Rebecca Cave reviews the proposed increases in fees, levies, rates and supplements.
Cast your mind back a year to the pre-election period when Conservative politicians were promising not to raise taxes. On winning the election they met that promise by legislating for a tax lock which froze the rates of income tax, VAT and class 1 NIC for the extent of this Parliament. Corporation tax rates are set to reduce to 18% by 2020.
If the main taxes can’t go up, what does a politician do? Raise money in other ways of course, and hope no one notices those sneaky new taxes. Here is the evidence.
Tax tribunal fees
The Ministry of Justice is advocating fees for taxpayers who challenge HMRC decisions at the tax tribunal. Currently the taxpayer pays no court fee to have their appeal heard.
The proposed fees will start at £50 to list a basic case, rising to £200 for complex cases. If the hearing goes ahead, the taxpayer will have to pay up to £1,000 and further fees in order to appeal to the Upper Tier Tribunal. These costs will only be refunded to the taxpayer in very exceptional circumstances; for example, where HMRC’s behaviour has been unreasonable.
In order to active a deceased person’s will, the executors of the estate need to apply for probate and pay a registration fee of £215. This fee currently applies where value of the estate is £5,000 or more. The Ministry of Justice wants to increase that fee threshold to £50,000, but also raise the minimum fee to £300. This may relieve 57% of estates from paying any probate fee at all, but larger estates will pay fees on a sliding scale of up to £20,000 for an estate valued at £2m or more.
The Government wants employers to fund more apprenticeships. The logical way to do this would be to increase employer’s class 1 NIC. However, the tax lock has blocked any increase in class 1 NIC.
Instead the required funds will be raised via the apprenticeship levy. This will apply from 6 April 2017 at the rate of 0.5% of employees’ wages, calculated in exactly the same way as employer’s class 1 NIC. The apprenticeship levy will be reported in a new box on the RTI returns and every employer will have a £15,000 allowance to set against the levy. The net effect is that only the largest employers will pay the apprenticeship levy, but every employer will have to calculate the levy and claim the allowance.
The self-employed will not pay the apprenticeship levy, but they may well pay increased rates of NIC from 6 April 2017, or whenever class 2 and class 4 are combined.
Stamp Duty Land Tax (SDLT) was not included within the tax lock, so the Government is free to raise the rates or reduce the thresholds. The new SDLT supplement does both of those things, by imposing a 3% charge on the entire purchase price of a second home, or on any residential property acquired by a company from 1 April 2016.

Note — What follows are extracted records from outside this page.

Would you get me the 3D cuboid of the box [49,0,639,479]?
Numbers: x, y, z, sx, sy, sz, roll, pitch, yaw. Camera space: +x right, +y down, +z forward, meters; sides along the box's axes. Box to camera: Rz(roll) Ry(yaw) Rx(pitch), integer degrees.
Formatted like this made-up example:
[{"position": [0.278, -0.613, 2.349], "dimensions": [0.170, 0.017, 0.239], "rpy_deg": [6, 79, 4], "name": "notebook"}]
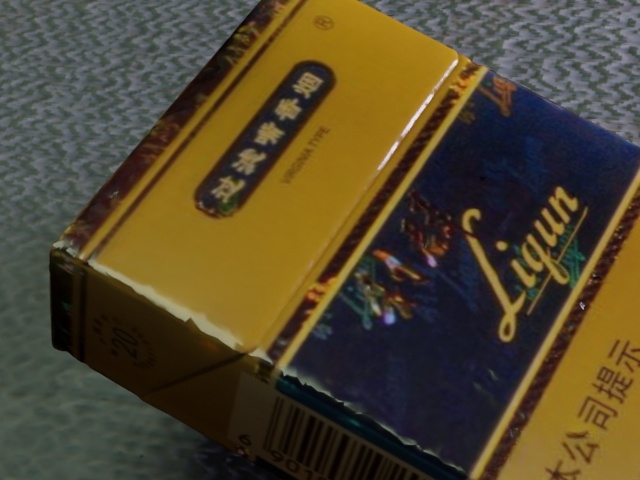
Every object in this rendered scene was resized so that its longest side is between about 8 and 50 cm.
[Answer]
[{"position": [0.050, 0.025, 0.502], "dimensions": [0.237, 0.070, 0.152], "rpy_deg": [30, 55, 8], "name": "box"}]
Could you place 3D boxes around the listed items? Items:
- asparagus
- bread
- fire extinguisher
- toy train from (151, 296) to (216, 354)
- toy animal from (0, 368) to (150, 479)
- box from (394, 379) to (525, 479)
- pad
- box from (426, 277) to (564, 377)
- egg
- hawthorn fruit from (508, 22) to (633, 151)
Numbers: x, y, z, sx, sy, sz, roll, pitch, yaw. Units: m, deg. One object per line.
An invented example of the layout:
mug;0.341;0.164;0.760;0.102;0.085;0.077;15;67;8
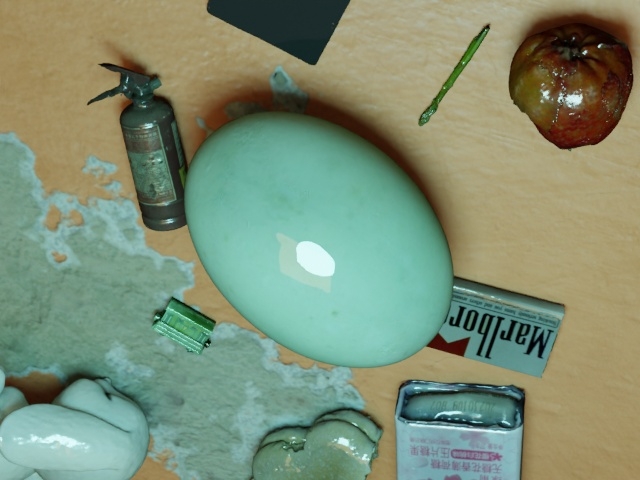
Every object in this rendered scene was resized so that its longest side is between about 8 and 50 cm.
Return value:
asparagus;0.168;-0.207;1.637;0.016;0.013;0.166;1;135;-40
bread;-0.024;0.391;1.995;0.183;0.102;0.337;16;122;1
fire extinguisher;-0.232;-0.128;1.714;0.075;0.106;0.252;10;126;29
toy train;-0.199;0.125;1.906;0.093;0.038;0.056;31;116;-7
toy animal;-0.391;0.308;1.959;0.264;0.206;0.272;1;154;-8
box;0.207;0.382;1.936;0.190;0.112;0.370;1;122;10
pad;-0.020;-0.356;1.589;0.159;0.009;0.265;27;121;-5
box;0.240;0.119;1.810;0.177;0.036;0.115;15;123;2
egg;0.000;0.000;1.643;0.389;0.276;0.276;39;121;-15
hawthorn fruit;0.300;-0.176;1.560;0.148;0.148;0.172;2;140;11
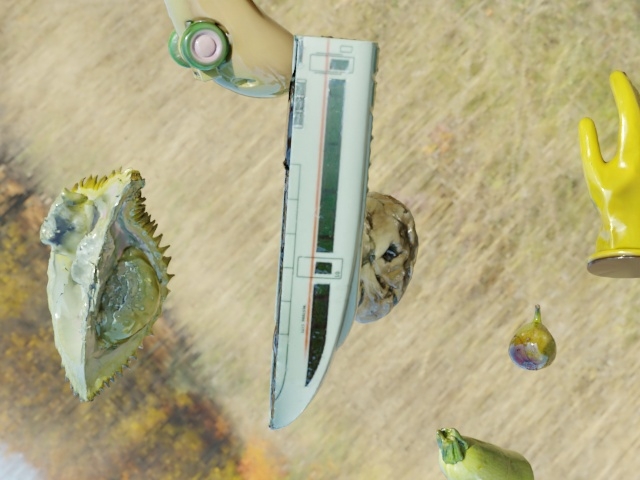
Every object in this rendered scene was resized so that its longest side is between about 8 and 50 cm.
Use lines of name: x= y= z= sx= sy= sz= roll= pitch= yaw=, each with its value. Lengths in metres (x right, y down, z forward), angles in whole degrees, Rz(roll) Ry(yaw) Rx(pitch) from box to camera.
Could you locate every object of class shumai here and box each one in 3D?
shumai: x=0.045 y=0.022 z=1.511 sx=0.166 sy=0.206 sz=0.175 roll=19 pitch=-172 yaw=32

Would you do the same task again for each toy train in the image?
toy train: x=0.000 y=0.000 z=1.005 sx=0.088 sy=0.407 sz=0.086 roll=4 pitch=-168 yaw=-6

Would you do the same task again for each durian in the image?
durian: x=-0.281 y=0.034 z=1.251 sx=0.172 sy=0.306 sz=0.166 roll=21 pitch=-158 yaw=6

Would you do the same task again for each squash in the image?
squash: x=0.192 y=0.287 z=1.267 sx=0.075 sy=0.090 sz=0.200 roll=-23 pitch=143 yaw=33

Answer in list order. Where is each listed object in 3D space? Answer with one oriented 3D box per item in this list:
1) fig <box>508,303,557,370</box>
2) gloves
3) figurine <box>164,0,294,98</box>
fig: x=0.348 y=0.164 z=1.615 sx=0.082 sy=0.098 sz=0.084 roll=2 pitch=142 yaw=27
gloves: x=0.437 y=-0.102 z=1.415 sx=0.116 sy=0.295 sz=0.133 roll=-4 pitch=164 yaw=23
figurine: x=-0.102 y=-0.335 z=1.249 sx=0.124 sy=0.222 sz=0.325 roll=-142 pitch=32 yaw=-71
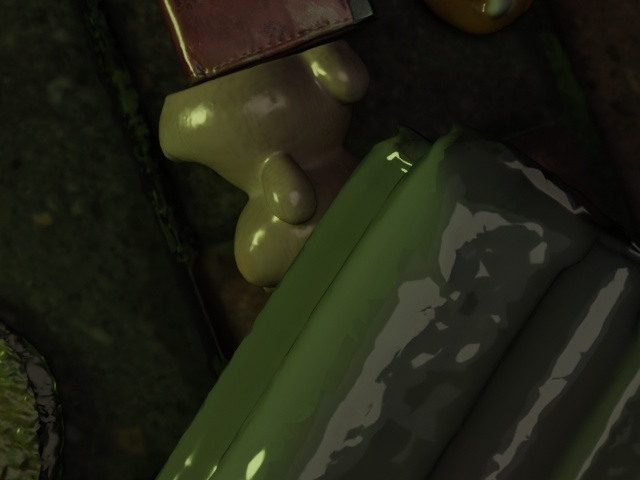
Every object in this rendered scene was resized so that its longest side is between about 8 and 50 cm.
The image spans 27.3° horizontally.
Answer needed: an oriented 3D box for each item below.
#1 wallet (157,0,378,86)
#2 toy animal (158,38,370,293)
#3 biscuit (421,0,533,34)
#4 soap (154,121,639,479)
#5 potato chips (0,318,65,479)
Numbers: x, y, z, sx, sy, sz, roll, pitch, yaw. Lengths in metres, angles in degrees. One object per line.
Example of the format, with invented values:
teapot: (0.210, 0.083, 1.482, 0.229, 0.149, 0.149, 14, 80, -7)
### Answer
wallet: (-0.061, -0.216, 0.776, 0.119, 0.025, 0.232, -21, 85, 8)
toy animal: (-0.002, 0.001, 0.725, 0.124, 0.124, 0.212, -24, 93, -6)
biscuit: (0.147, -0.299, 0.799, 0.340, 0.047, 0.216, -41, 89, -7)
soap: (0.069, 0.209, 0.597, 0.350, 0.213, 0.435, 30, 91, -7)
potato chips: (-0.255, 0.122, 0.736, 0.220, 0.029, 0.202, 5, 83, -6)
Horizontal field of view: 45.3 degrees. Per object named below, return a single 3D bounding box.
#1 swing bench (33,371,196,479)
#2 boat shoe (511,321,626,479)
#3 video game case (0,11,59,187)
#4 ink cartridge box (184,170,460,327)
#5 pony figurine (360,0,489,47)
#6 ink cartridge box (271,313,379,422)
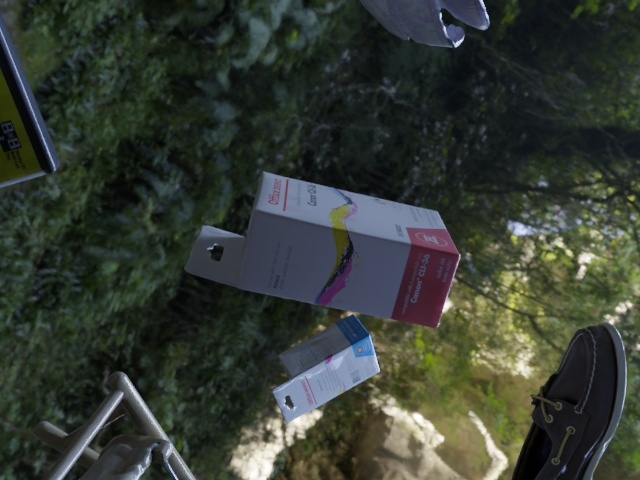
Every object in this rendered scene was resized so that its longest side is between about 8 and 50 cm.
[{"bbox_3d":[-0.193,0.306,0.673,0.165,0.254,0.253,-33,-164,34],"label":"swing bench"},{"bbox_3d":[0.351,0.264,1.106,0.116,0.097,0.324,-95,-169,-65],"label":"boat shoe"},{"bbox_3d":[-0.355,-0.142,0.538,0.035,0.249,0.274,-123,-164,-68],"label":"video game case"},{"bbox_3d":[0.000,0.000,0.616,0.115,0.198,0.067,-94,-163,-71],"label":"ink cartridge box"},{"bbox_3d":[0.061,-0.186,0.217,0.363,0.351,0.303,-45,-140,4],"label":"pony figurine"},{"bbox_3d":[0.000,0.212,1.268,0.181,0.104,0.061,-28,-137,-12],"label":"ink cartridge box"}]
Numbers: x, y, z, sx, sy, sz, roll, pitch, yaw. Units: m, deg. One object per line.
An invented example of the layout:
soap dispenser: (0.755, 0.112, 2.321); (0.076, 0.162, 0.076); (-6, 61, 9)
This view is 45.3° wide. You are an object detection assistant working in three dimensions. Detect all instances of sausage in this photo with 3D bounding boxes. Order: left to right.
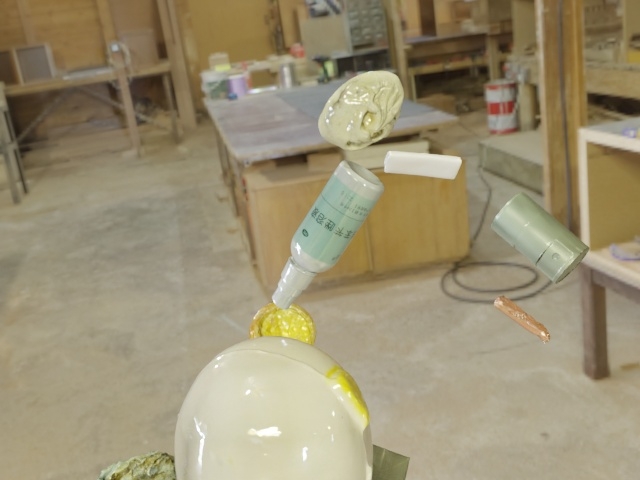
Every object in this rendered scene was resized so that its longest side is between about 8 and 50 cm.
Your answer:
sausage: (0.476, 0.185, 1.800); (0.042, 0.158, 0.036); (-52, 0, -29)

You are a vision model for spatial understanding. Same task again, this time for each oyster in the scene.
oyster: (-0.409, 0.601, 1.821); (0.268, 0.198, 0.112); (12, -24, -37)

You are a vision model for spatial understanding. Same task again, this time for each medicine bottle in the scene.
medicine bottle: (0.000, 0.000, 1.636); (0.110, 0.352, 0.110); (29, 19, -11)

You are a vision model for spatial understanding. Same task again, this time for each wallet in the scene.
wallet: (0.170, -0.128, 1.280); (0.122, 0.025, 0.061); (6, -20, -2)

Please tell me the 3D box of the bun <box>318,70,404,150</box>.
bun: (0.110, -0.302, 1.848); (0.231, 0.133, 0.231); (-30, -19, -12)

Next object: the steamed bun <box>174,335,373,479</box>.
steamed bun: (-0.073, 0.342, 1.238); (0.334, 0.374, 0.334); (0, 20, 0)

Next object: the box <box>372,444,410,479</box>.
box: (0.130, 0.695, 2.091); (0.155, 0.149, 0.231); (22, 54, 1)

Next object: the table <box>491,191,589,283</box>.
table: (0.559, -0.008, 1.955); (0.126, 0.126, 0.220); (-25, 60, -42)

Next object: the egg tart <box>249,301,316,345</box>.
egg tart: (-0.105, 0.255, 2.043); (0.191, 0.191, 0.074); (-18, -18, -27)
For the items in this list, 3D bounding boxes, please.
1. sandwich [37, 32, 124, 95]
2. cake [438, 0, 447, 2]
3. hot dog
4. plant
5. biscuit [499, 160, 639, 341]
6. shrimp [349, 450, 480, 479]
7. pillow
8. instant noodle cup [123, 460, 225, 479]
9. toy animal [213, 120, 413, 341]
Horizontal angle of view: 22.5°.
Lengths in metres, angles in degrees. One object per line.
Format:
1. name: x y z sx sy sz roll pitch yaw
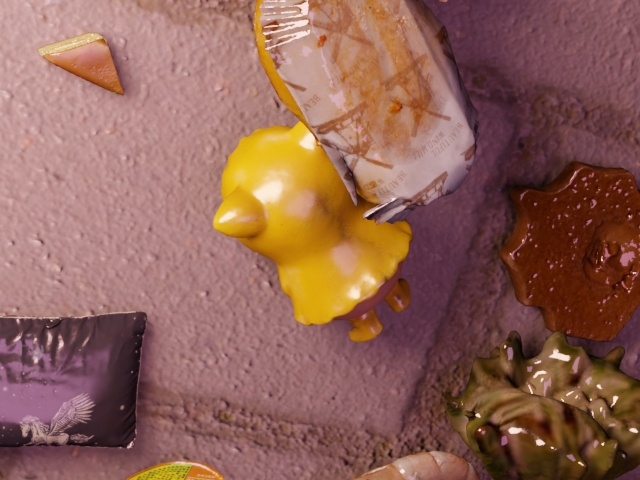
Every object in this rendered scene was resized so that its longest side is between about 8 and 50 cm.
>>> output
1. sandwich: -0.205 -0.163 1.427 0.083 0.031 0.044 24 102 -29
2. cake: 0.051 -0.280 1.451 0.287 0.098 0.135 3 108 -23
3. hot dog: 0.045 -0.139 1.414 0.162 0.082 0.270 -40 117 -16
4. plant: 0.241 0.266 1.683 0.251 0.180 0.334 6 116 0
5. biscuit: 0.270 0.002 1.671 0.215 0.034 0.182 37 93 -29
6. shrimp: 0.053 0.298 1.677 0.254 0.059 0.145 -20 124 -20
7. pillow: -0.266 0.131 1.489 0.208 0.055 0.141 4 100 -23
8. instant noodle cup: -0.128 0.336 1.570 0.168 0.168 0.185 -31 124 -9
9. toy animal: 0.003 -0.004 1.506 0.156 0.156 0.230 -43 121 -4
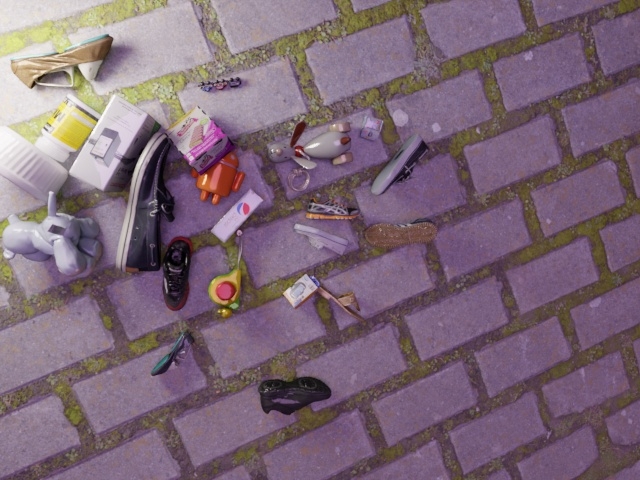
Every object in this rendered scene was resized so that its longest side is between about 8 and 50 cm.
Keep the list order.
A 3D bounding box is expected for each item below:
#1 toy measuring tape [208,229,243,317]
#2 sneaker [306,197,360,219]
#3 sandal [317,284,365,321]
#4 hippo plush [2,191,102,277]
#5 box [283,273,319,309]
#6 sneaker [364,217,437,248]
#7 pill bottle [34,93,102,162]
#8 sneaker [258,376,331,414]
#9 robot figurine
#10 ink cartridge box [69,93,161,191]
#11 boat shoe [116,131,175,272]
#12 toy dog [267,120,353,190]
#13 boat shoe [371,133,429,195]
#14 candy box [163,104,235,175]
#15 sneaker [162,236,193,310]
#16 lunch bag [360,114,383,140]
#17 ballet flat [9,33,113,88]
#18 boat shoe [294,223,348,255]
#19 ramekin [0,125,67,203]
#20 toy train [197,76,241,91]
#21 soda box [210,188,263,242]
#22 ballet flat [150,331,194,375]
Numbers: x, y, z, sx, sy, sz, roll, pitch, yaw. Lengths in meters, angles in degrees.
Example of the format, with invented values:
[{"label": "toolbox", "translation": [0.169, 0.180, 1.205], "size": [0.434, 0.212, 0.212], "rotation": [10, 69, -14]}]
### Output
[{"label": "toy measuring tape", "translation": [-0.355, 0.122, 1.494], "size": [0.121, 0.121, 0.330], "rotation": [3, 85, -10]}, {"label": "sneaker", "translation": [0.052, -0.120, 1.559], "size": [0.215, 0.084, 0.083], "rotation": [1, 89, -9]}, {"label": "sandal", "translation": [0.099, 0.229, 1.589], "size": [0.240, 0.088, 0.079], "rotation": [34, 94, -6]}, {"label": "hippo plush", "translation": [-0.897, 0.020, 1.314], "size": [0.236, 0.294, 0.234], "rotation": [-10, 74, -1]}, {"label": "box", "translation": [-0.070, 0.193, 1.565], "size": [0.136, 0.028, 0.081], "rotation": [-41, 60, -4]}, {"label": "sneaker", "translation": [0.329, -0.033, 1.616], "size": [0.282, 0.153, 0.099], "rotation": [-3, 98, 20]}, {"label": "pill bottle", "translation": [-0.852, -0.376, 1.358], "size": [0.119, 0.119, 0.208], "rotation": [35, 87, -11]}, {"label": "sneaker", "translation": [-0.100, 0.618, 1.586], "size": [0.286, 0.109, 0.130], "rotation": [0, 101, -1]}, {"label": "robot figurine", "translation": [-0.372, -0.240, 1.449], "size": [0.158, 0.128, 0.219], "rotation": [19, 91, 21]}, {"label": "ink cartridge box", "translation": [-0.678, -0.311, 1.349], "size": [0.121, 0.211, 0.289], "rotation": [30, 90, -12]}, {"label": "boat shoe", "translation": [-0.581, -0.120, 1.400], "size": [0.156, 0.187, 0.500], "rotation": [13, 97, -16]}, {"label": "toy dog", "translation": [-0.013, -0.341, 1.488], "size": [0.334, 0.161, 0.220], "rotation": [-32, 99, -6]}, {"label": "boat shoe", "translation": [0.319, -0.277, 1.581], "size": [0.105, 0.113, 0.306], "rotation": [43, 71, -16]}, {"label": "candy box", "translation": [-0.421, -0.351, 1.393], "size": [0.159, 0.071, 0.233], "rotation": [-41, 56, -6]}, {"label": "sneaker", "translation": [-0.521, 0.126, 1.448], "size": [0.098, 0.135, 0.276], "rotation": [7, 94, -12]}, {"label": "lunch bag", "translation": [0.199, -0.438, 1.575], "size": [0.071, 0.053, 0.083], "rotation": [17, 100, -10]}, {"label": "ballet flat", "translation": [-0.848, -0.590, 1.357], "size": [0.342, 0.116, 0.124], "rotation": [-19, 118, -8]}, {"label": "boat shoe", "translation": [0.000, 0.000, 1.556], "size": [0.226, 0.083, 0.076], "rotation": [18, 90, -12]}, {"label": "ramekin", "translation": [-0.950, -0.245, 1.286], "size": [0.273, 0.273, 0.127], "rotation": [38, 74, -11]}, {"label": "toy train", "translation": [-0.369, -0.572, 1.477], "size": [0.158, 0.027, 0.036], "rotation": [-12, 107, -10]}, {"label": "soda box", "translation": [-0.309, -0.093, 1.498], "size": [0.069, 0.074, 0.216], "rotation": [42, 87, -10]}, {"label": "ballet flat", "translation": [-0.544, 0.436, 1.501], "size": [0.074, 0.074, 0.203], "rotation": [39, 85, -11]}]
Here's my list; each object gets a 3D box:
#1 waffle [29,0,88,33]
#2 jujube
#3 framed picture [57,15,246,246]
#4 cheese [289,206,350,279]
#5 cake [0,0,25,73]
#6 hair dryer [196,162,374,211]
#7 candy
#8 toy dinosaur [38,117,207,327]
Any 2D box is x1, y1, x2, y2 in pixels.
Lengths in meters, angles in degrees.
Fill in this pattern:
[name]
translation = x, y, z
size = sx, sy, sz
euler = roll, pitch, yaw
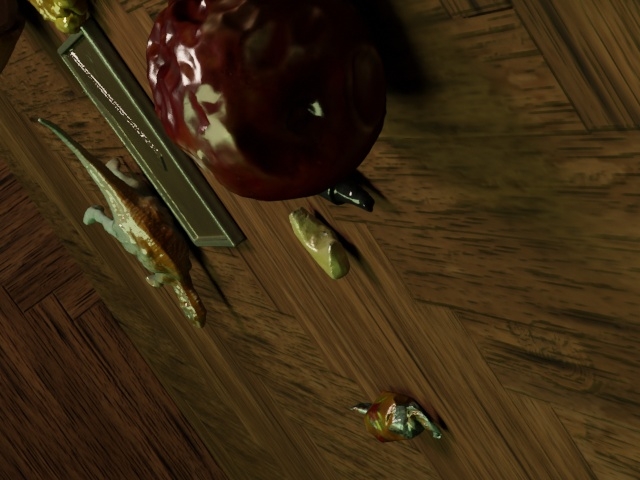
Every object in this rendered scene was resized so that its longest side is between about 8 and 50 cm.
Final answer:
[waffle]
translation = -0.352, -0.360, 1.684
size = 0.301, 0.058, 0.281
euler = 51, 168, 7
[jujube]
translation = -0.045, -0.112, 1.063
size = 0.155, 0.155, 0.230
euler = 59, 167, -21
[framed picture]
translation = -0.211, -0.121, 1.882
size = 0.315, 0.024, 0.232
euler = 55, 167, -10
[cheese]
translation = 0.000, 0.000, 1.446
size = 0.083, 0.030, 0.044
euler = 49, 174, 43
[cake]
translation = -0.487, -0.314, 2.016
size = 0.185, 0.207, 0.178
euler = -84, 9, -56
[hair dryer]
translation = -0.041, -0.093, 1.317
size = 0.255, 0.070, 0.128
euler = 31, 154, 42
[candy]
translation = 0.076, 0.188, 1.632
size = 0.053, 0.046, 0.182
euler = 53, 165, -7
[toy dinosaur]
translation = -0.268, -0.045, 2.121
size = 0.205, 0.092, 0.393
euler = 40, 160, 44
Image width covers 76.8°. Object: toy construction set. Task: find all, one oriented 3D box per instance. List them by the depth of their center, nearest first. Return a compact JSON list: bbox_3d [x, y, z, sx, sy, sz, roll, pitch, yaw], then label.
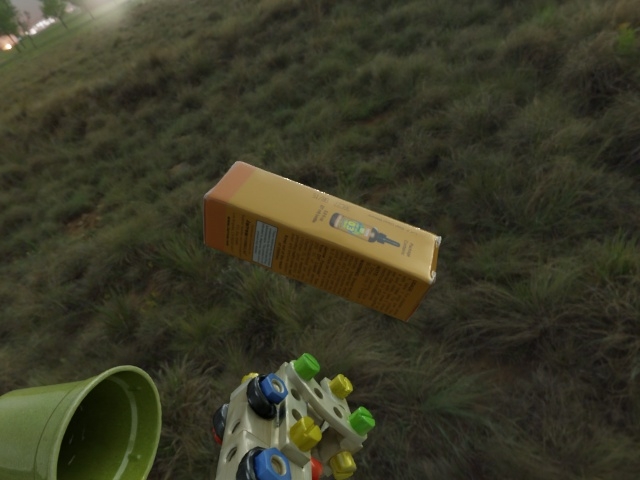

Second homes in Scotland will be subject to a similar land and buildings transaction tax (LBTT) supplement, also imposed at 3% on the entire purchase price from 1 April 2016. The exemptions from the LBTT supplement mimic those for the SDLT supplement. For instance, neither supplement will apply to properties worth less than £40,000.
Income tax rates were frozen by the tax lock, so the Chancellor can’t increase income tax on dividends. His solution was to invent a new tax: dividend tax, which operates like income tax, but only applies to dividends in excess of £5,000 per year.
Thus the UK tax system becomes encumbered by three more taxes, two more allowances, and two more sets of compulsory fees.